*ASSIGNMENT*
Reproduce the following data exactly, minus any images.
- - -
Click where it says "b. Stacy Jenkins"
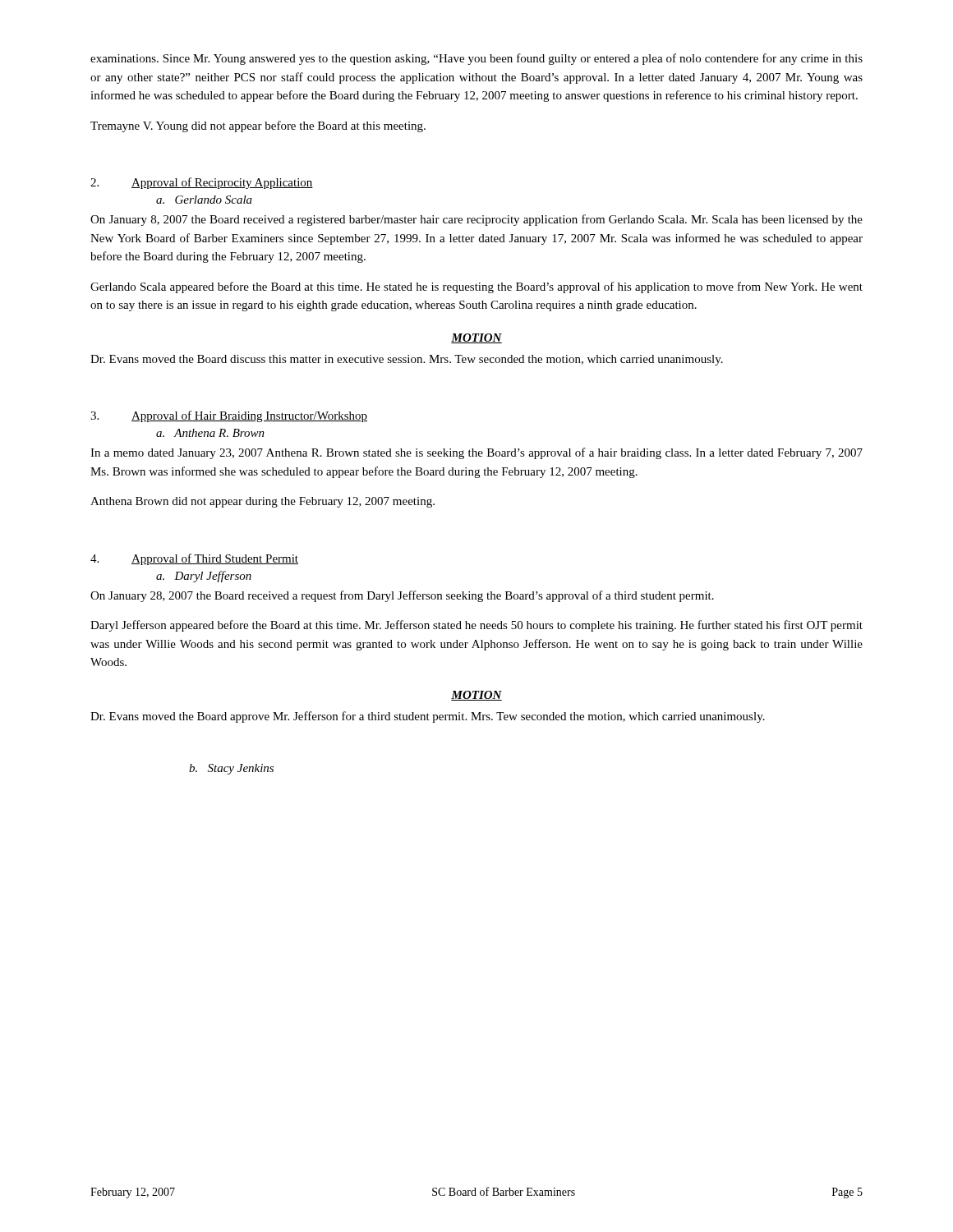The height and width of the screenshot is (1232, 953). pos(232,768)
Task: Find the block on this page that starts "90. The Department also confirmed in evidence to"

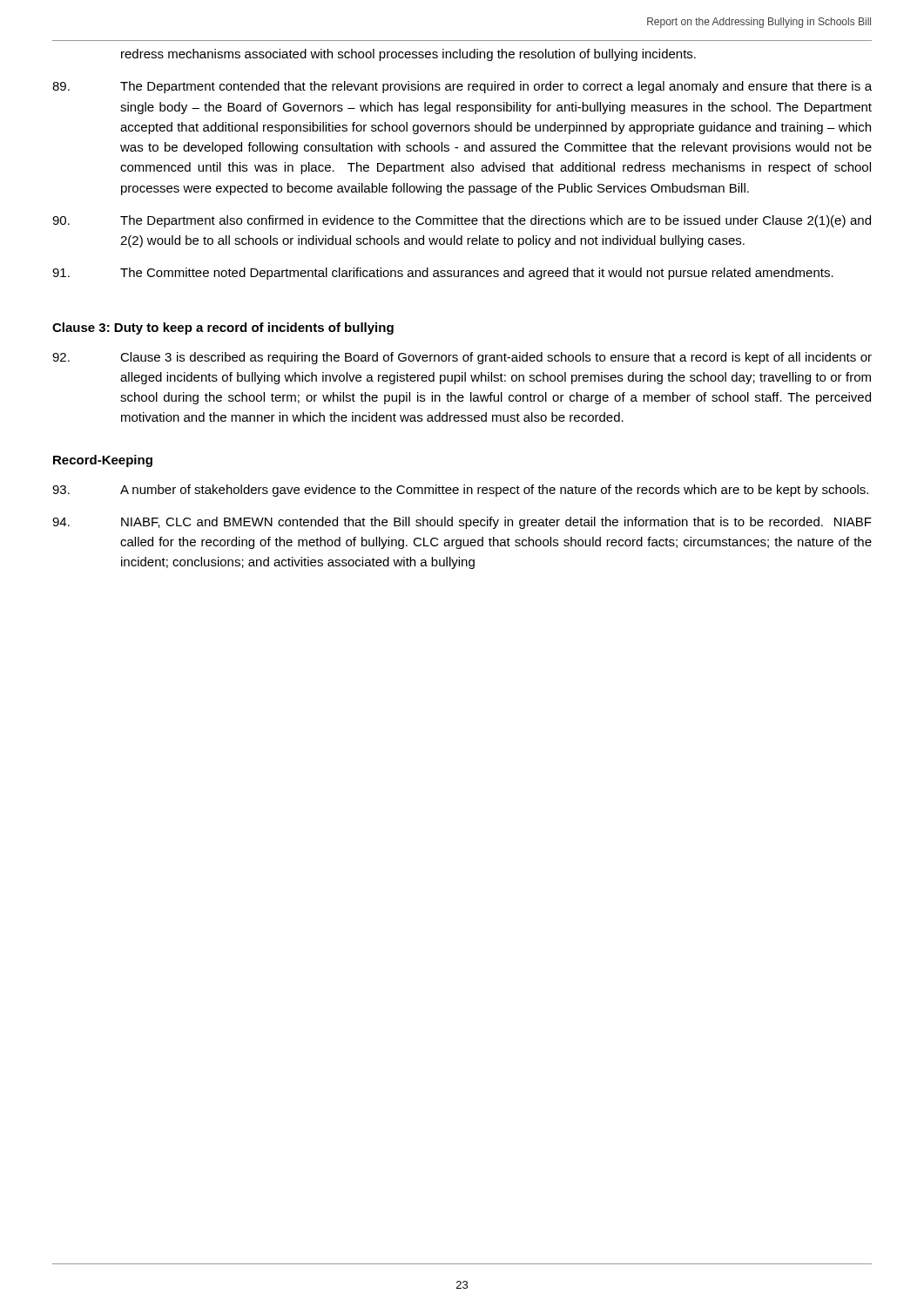Action: click(x=462, y=230)
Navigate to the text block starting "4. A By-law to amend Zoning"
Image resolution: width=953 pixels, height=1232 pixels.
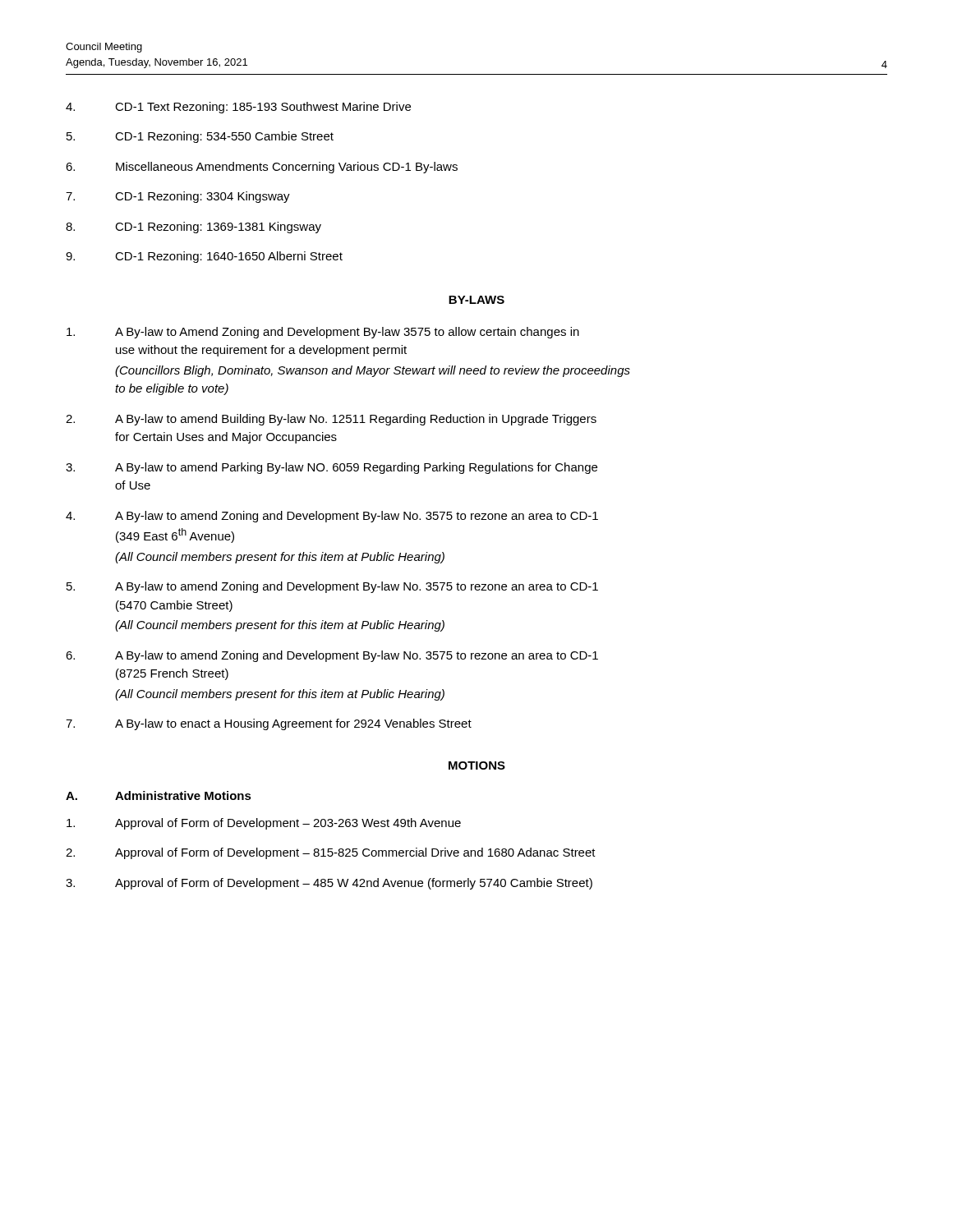(476, 526)
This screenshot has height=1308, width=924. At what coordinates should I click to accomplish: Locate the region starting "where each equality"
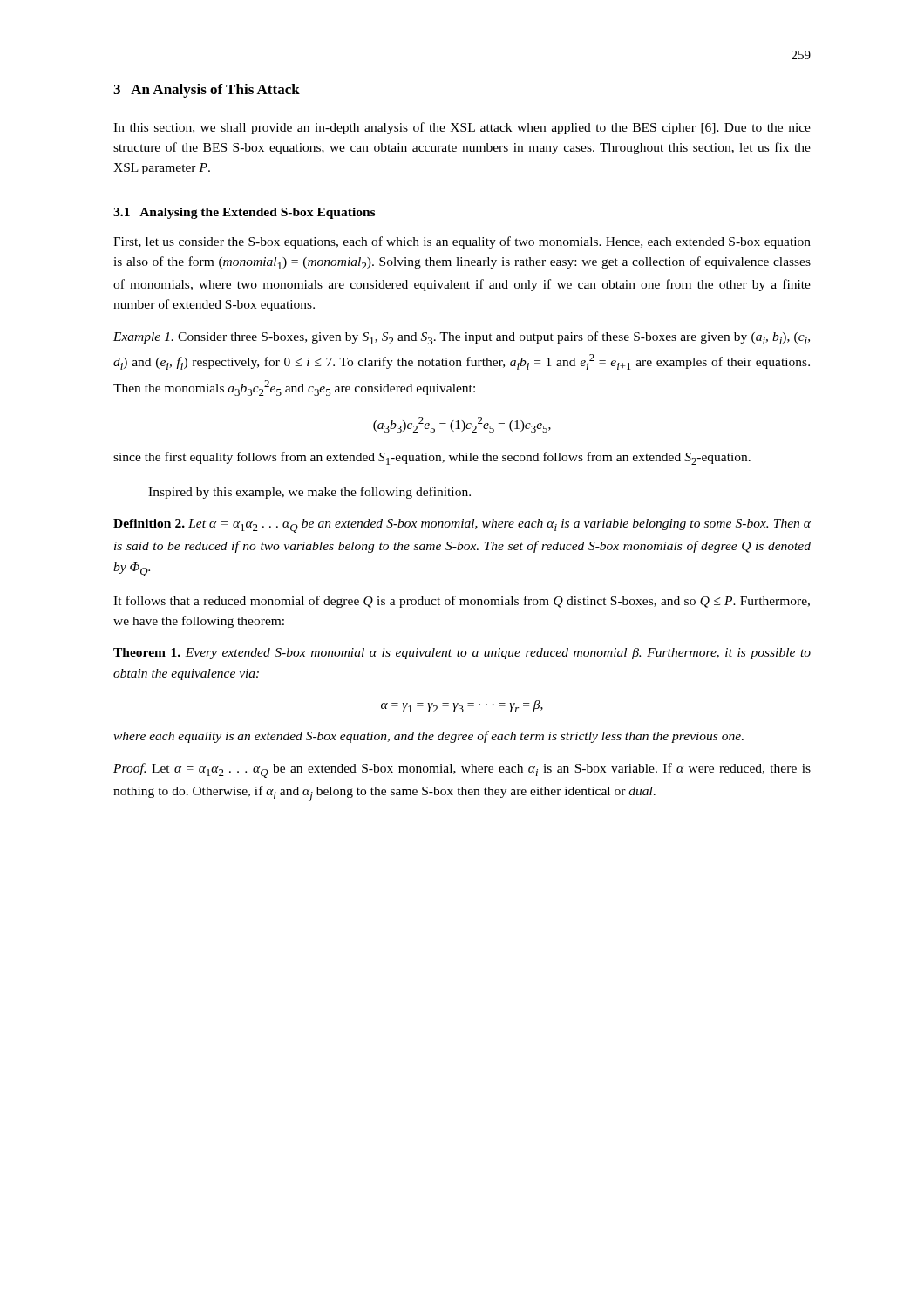429,736
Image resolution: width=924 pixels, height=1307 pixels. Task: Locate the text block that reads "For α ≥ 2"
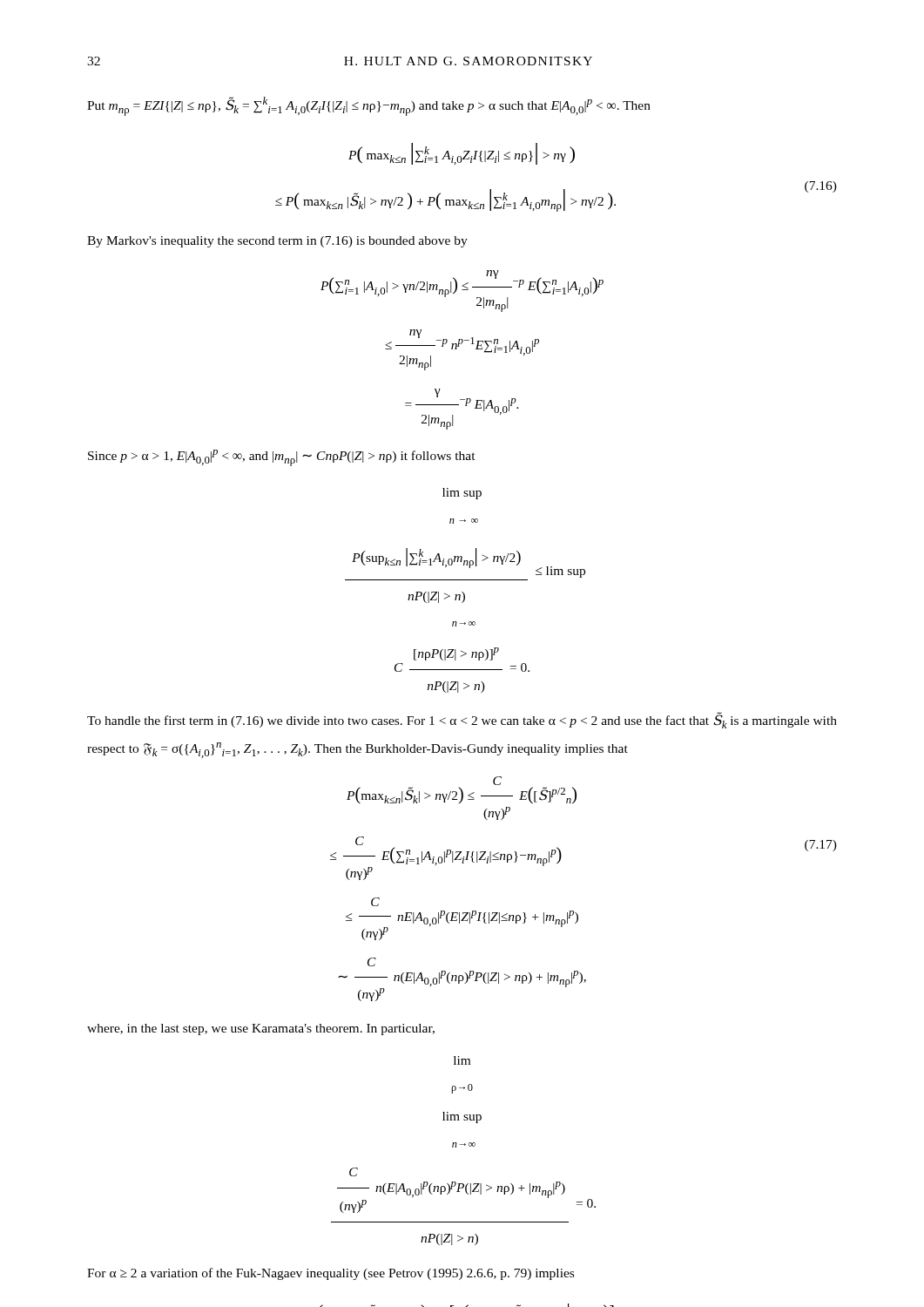331,1273
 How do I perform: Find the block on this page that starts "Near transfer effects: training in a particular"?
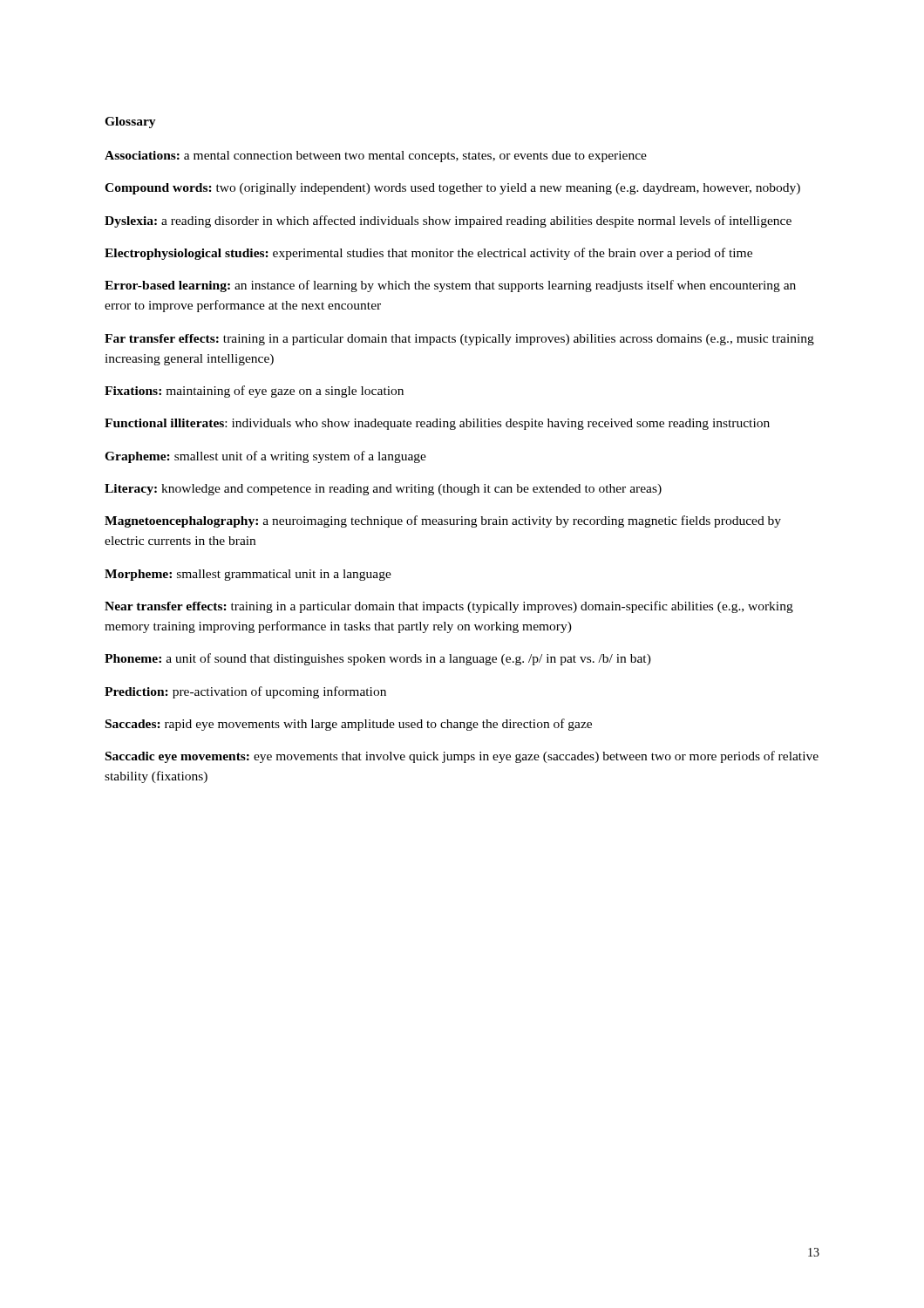(x=449, y=616)
- - -
*WRITTEN ANSWER*
Click where it says "b. Stacy Jenkins"
The height and width of the screenshot is (1232, 953). pos(232,768)
Task: Find the block on this page that starts "90. The Department also confirmed in evidence to"

Action: click(x=462, y=230)
Navigate to the text block starting "4. A By-law to amend Zoning"
Image resolution: width=953 pixels, height=1232 pixels.
(476, 526)
This screenshot has height=1308, width=924. At what coordinates should I click to accomplish: Locate the region starting "where each equality"
429,736
Image resolution: width=924 pixels, height=1307 pixels. Task: Locate the text block that reads "For α ≥ 2"
331,1273
 How do I perform: Find the block on this page that starts "Near transfer effects: training in a particular"?
(x=449, y=616)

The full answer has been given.